Aim of the exercise: What is the number of lines below that include "rule"? Give that number alone.
_ _ _ _
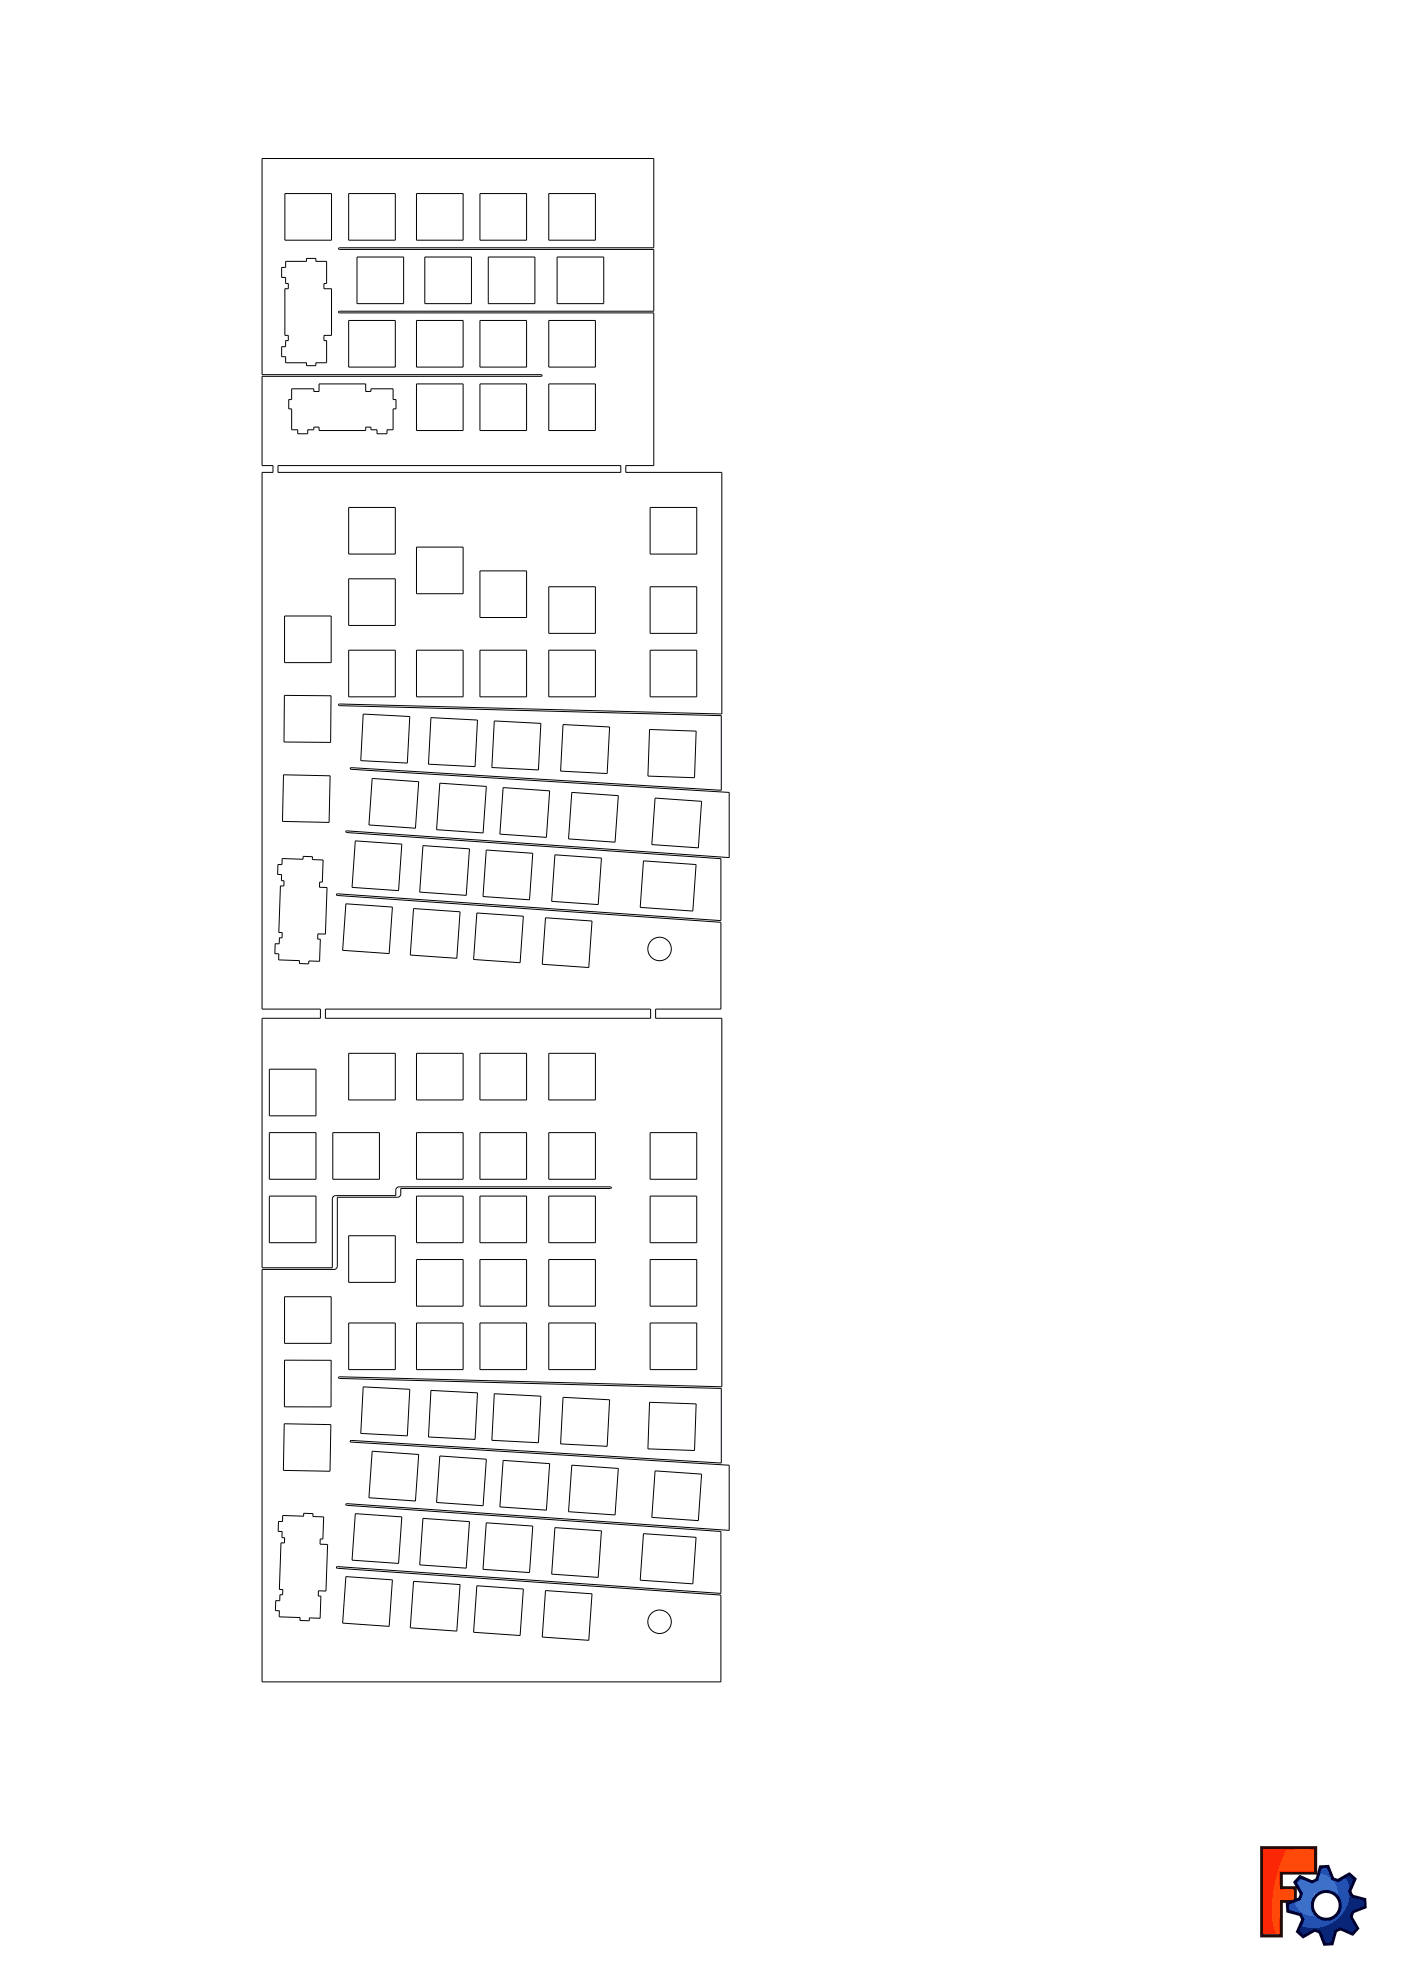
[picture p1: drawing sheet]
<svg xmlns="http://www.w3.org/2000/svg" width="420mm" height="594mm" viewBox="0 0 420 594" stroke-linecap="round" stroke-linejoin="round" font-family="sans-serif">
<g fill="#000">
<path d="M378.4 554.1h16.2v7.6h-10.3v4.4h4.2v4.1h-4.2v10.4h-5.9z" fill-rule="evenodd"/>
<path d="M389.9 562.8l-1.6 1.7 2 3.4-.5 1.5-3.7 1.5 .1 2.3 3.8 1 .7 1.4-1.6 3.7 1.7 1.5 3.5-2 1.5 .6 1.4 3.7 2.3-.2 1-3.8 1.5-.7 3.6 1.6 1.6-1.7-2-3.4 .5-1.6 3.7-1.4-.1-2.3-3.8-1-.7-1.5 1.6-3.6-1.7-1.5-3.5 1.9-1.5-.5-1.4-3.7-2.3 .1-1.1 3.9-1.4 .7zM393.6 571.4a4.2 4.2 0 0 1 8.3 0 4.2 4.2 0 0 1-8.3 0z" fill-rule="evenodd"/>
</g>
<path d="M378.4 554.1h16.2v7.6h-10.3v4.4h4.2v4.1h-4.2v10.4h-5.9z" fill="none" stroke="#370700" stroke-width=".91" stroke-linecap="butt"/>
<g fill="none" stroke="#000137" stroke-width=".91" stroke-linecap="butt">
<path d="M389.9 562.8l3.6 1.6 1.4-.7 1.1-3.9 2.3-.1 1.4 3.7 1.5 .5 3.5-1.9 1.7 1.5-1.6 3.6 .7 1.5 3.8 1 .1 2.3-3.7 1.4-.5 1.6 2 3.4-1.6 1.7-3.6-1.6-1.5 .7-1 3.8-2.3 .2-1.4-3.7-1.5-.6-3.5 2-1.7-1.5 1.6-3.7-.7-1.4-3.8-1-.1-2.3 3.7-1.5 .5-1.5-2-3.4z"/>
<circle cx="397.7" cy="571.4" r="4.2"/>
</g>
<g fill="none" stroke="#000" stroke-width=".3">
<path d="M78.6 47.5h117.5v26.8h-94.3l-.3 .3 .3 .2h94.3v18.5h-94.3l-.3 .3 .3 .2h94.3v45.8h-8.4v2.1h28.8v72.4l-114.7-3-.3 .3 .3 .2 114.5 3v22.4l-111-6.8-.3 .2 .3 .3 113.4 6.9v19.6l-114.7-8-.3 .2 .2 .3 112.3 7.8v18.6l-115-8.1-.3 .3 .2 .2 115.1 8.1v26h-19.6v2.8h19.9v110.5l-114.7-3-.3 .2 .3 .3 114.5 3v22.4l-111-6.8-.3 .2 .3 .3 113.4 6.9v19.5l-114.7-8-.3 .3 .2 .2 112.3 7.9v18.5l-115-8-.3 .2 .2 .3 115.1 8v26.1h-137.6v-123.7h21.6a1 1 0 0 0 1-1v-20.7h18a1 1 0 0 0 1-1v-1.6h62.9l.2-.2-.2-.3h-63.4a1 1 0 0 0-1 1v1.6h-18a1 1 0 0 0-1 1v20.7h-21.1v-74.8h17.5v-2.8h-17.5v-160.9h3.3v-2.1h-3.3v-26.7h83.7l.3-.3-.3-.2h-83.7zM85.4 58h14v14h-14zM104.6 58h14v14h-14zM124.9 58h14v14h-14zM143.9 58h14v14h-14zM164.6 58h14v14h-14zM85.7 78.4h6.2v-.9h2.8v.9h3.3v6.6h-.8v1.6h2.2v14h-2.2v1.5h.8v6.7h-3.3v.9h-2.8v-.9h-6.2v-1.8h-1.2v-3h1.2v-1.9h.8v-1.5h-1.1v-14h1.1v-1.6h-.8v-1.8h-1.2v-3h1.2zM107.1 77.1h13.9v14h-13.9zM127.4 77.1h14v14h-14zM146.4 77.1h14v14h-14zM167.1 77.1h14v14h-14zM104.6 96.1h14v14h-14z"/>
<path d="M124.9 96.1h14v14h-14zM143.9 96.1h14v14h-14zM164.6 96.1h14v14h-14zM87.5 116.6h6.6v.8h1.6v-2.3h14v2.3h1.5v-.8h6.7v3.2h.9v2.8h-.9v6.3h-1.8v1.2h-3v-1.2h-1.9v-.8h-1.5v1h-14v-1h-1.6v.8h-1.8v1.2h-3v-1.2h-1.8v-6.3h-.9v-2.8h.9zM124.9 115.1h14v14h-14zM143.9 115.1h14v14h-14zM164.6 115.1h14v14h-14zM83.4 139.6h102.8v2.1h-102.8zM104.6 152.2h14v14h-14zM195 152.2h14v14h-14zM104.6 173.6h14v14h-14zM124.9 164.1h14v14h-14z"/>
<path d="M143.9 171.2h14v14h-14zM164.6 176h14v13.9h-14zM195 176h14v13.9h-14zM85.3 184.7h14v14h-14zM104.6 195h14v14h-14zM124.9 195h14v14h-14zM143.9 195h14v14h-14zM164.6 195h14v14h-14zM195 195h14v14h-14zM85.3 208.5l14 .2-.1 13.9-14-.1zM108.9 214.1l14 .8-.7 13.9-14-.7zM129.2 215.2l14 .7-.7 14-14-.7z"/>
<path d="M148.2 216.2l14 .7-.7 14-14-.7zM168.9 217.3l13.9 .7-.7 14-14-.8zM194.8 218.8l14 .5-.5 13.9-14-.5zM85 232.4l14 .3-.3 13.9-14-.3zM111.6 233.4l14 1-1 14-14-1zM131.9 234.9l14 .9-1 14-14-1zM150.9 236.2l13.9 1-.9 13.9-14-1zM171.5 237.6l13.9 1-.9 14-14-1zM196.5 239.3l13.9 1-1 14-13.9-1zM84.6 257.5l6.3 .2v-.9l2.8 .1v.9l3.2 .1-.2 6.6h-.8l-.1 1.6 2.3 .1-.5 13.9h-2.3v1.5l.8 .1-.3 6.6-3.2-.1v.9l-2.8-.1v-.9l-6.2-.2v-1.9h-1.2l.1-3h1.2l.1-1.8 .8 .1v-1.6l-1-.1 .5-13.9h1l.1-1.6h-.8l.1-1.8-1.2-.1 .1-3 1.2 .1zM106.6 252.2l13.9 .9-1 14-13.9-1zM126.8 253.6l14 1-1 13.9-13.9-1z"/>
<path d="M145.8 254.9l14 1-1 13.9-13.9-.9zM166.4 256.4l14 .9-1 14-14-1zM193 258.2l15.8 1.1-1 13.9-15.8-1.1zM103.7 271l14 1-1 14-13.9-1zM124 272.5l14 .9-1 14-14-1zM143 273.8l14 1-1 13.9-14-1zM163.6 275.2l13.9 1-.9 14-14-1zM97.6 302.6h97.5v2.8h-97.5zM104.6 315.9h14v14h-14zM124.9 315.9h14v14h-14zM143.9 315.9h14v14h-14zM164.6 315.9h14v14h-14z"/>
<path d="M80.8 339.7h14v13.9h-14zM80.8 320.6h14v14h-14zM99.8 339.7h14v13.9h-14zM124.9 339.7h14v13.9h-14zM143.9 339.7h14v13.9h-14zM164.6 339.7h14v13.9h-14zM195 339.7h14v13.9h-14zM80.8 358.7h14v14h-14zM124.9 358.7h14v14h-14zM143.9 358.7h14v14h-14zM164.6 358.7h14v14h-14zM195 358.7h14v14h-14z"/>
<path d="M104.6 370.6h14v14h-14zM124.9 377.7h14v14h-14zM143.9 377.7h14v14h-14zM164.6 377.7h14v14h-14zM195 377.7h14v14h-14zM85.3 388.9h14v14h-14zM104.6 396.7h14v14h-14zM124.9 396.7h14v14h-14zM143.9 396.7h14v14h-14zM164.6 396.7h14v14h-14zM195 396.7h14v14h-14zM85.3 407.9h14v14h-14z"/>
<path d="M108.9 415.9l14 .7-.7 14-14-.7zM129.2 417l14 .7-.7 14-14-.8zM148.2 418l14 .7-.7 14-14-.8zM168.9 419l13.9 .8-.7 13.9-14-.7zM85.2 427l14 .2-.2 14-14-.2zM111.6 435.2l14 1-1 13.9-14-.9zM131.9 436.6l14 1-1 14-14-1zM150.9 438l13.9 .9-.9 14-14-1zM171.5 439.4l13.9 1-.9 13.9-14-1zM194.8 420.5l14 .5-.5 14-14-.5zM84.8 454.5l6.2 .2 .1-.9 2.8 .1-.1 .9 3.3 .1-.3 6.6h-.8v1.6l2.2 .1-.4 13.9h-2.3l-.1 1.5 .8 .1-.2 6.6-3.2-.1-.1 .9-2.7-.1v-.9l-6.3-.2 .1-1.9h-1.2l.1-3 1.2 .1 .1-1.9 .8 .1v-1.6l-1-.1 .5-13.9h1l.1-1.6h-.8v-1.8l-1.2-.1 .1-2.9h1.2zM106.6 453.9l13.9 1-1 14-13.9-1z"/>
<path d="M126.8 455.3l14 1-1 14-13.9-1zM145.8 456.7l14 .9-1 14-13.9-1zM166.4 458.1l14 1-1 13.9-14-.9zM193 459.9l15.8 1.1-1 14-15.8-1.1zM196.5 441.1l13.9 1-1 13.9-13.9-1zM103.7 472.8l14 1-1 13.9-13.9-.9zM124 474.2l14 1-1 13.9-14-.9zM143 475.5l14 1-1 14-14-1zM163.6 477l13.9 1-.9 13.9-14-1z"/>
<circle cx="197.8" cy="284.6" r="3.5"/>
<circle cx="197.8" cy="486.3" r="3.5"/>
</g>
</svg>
_ _ _ _
Result below: 2